Acute kidney injury (AKI) affects over 40% of septic patients, with mitochondrial dysfunction contributing through excessive reactive oxygen species (ROS), ATP depletion, and membrane potential disruption. Insulin therapy mitigates mitochondrial damage, reverses ATP depletion, reduces oxidant production, improves antioxidant levels, and suppresses renal mitophagy [30].
Elevated insulin concentrations in septic patients increase glucose uptake and oxidation [31]. In animal studies, high-dose insulin (HDI) improved survival rates during septic shock [32]. In mice, LPS administration raised insulin levels without altering blood glucose, but blocking insulin secretion resulted in severe hyperglycaemia and increased mortality.
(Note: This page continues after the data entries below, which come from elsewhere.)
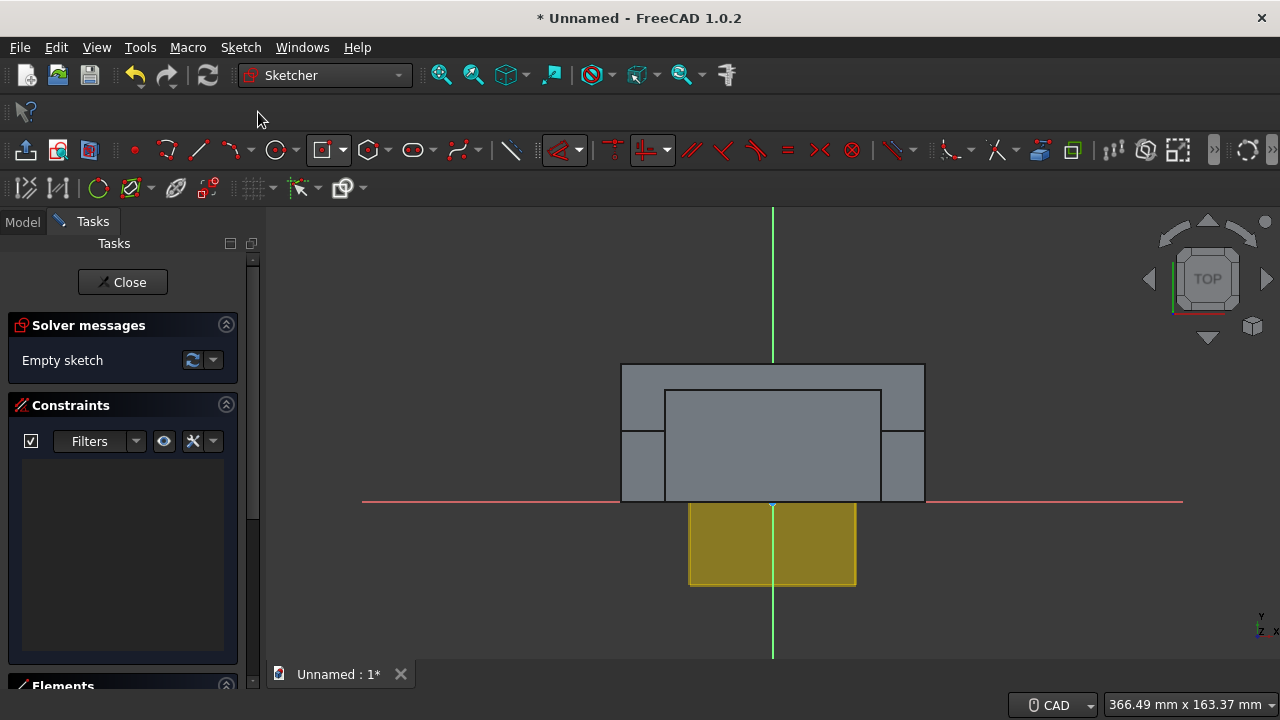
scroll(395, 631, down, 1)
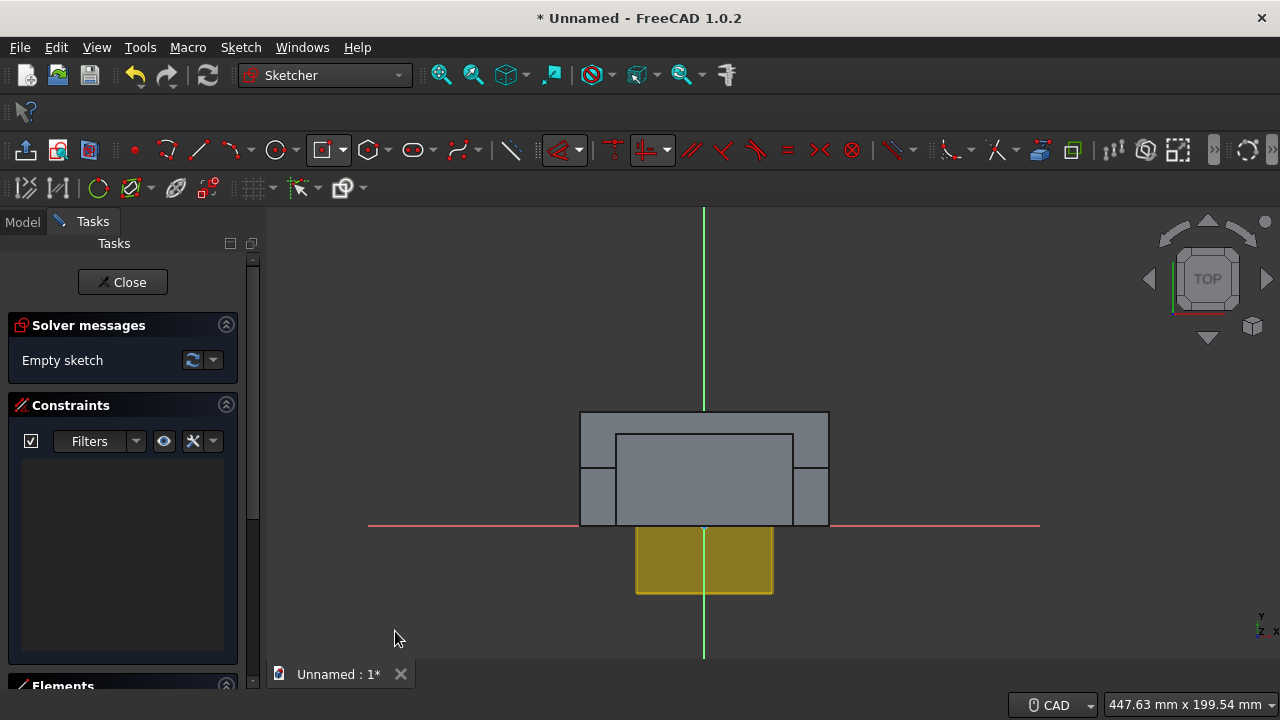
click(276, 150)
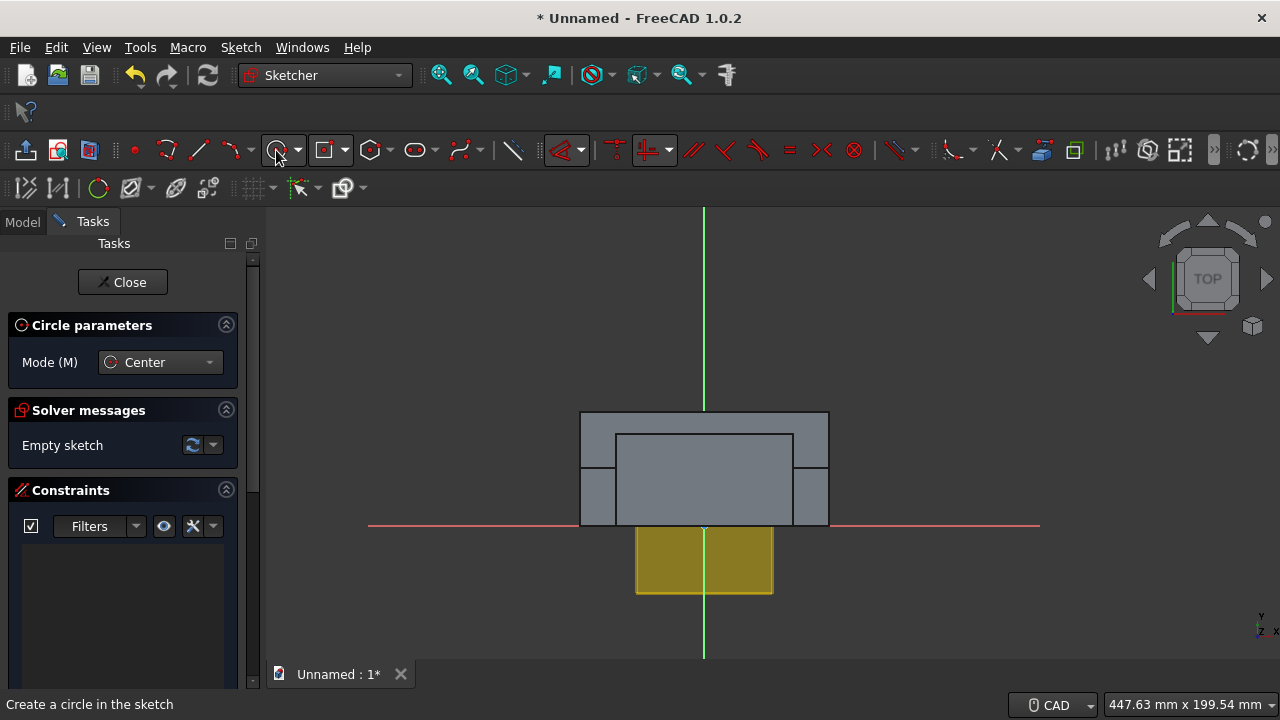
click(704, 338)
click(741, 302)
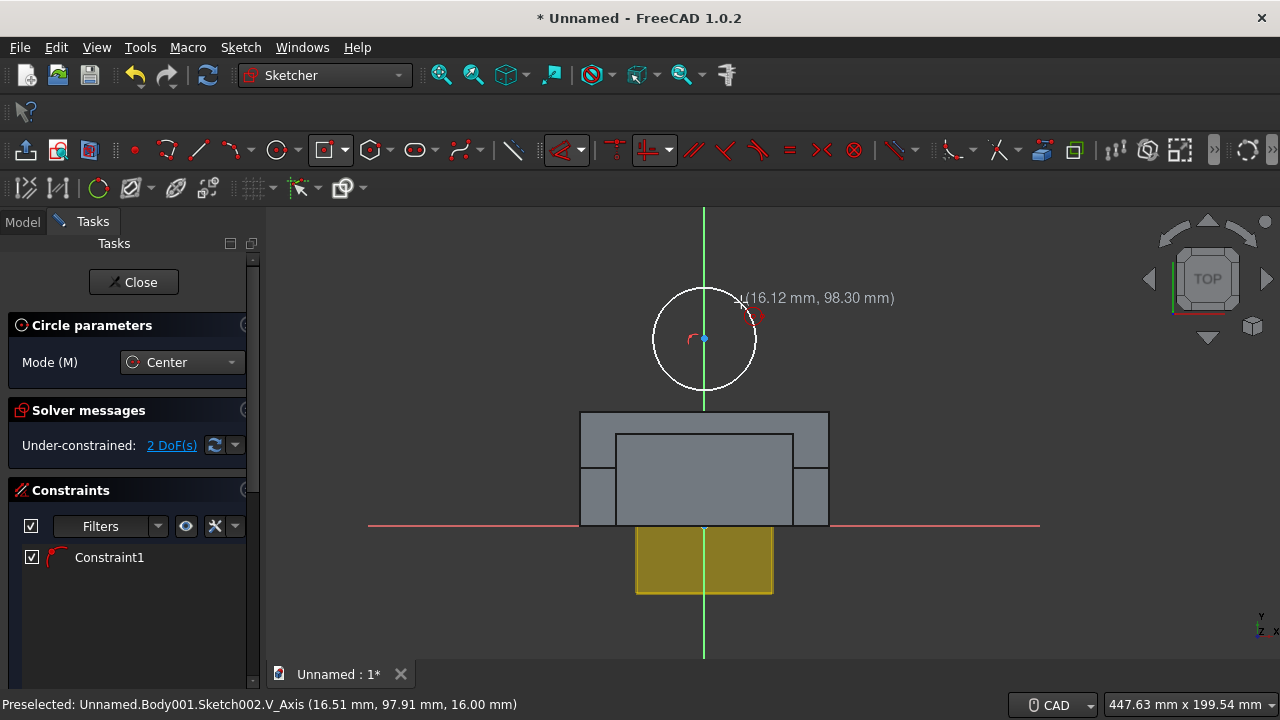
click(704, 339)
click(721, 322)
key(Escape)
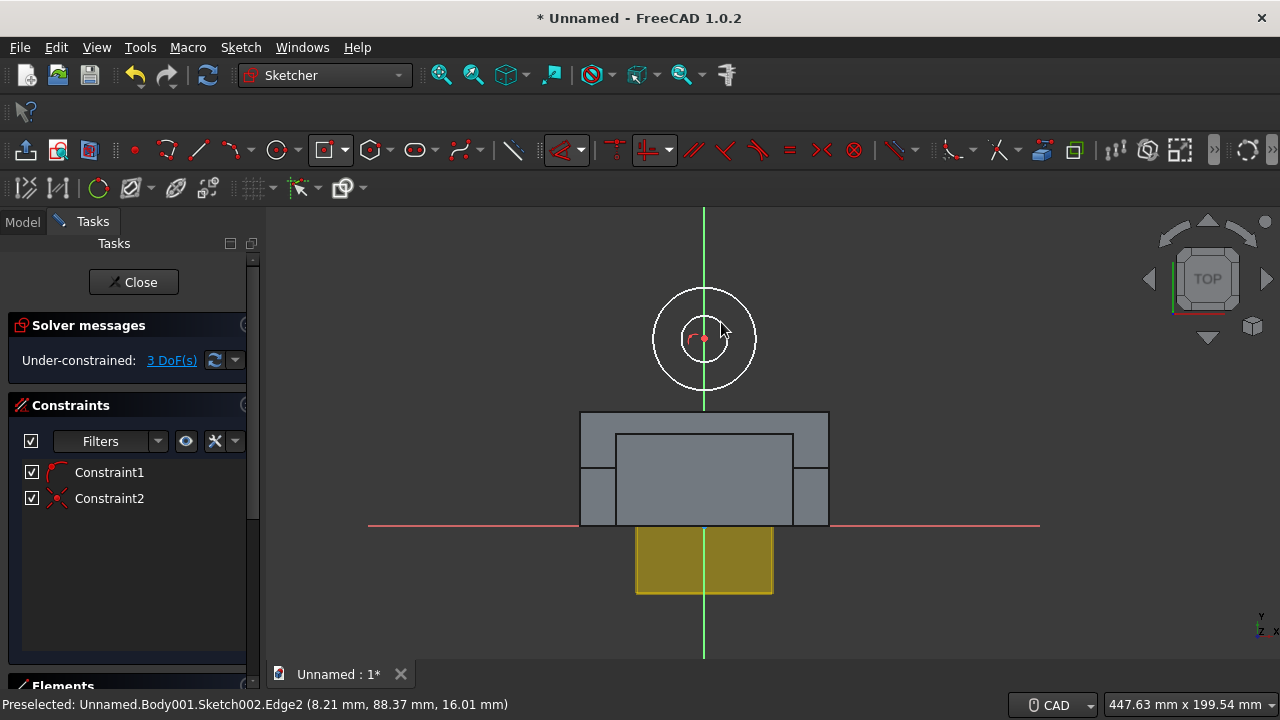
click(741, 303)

Non-survivors had significantly lower insulin levels compared to survivors [33]. In paediatric burn patients, intensive insulin therapy decreased infection and sepsis incidence, alleviated insulin resistance, reduced catabolism, and lowered mortality [34]. Insulin also enhanced survival and reduced positive blood cultures in rodent models of burn wound infection [35].

Glucose Plus Insulin

Both increased glucose and insulin availability individually improve sepsis survival, and their combination has a compounded effect. In vitro, cardiomyocytes exposed to simulated ischemia showed up to 75% greater ATP production and 40% less lactate when treated with glucose and insulin, reducing cellular injury [36]. Septic rats treated to maintain blood glucose between 8–10 mmol/L displayed superior glucose utilisation and increased expression of glucose transporter GLUT4 [37].
Much morbidity and mortality from septic shock stem from refractory hypotension and cardiovascular collapse; thus, counteracting these effects may improve outcomes. Administration of glucose-insulin-potassium (GIK) to patients with severe sepsis and septic shock improved mean arterial pressure and reduced heart rate in those with hypodynamic myocardial depression. The total insulin dose correlated with haemodynamic improvement [38].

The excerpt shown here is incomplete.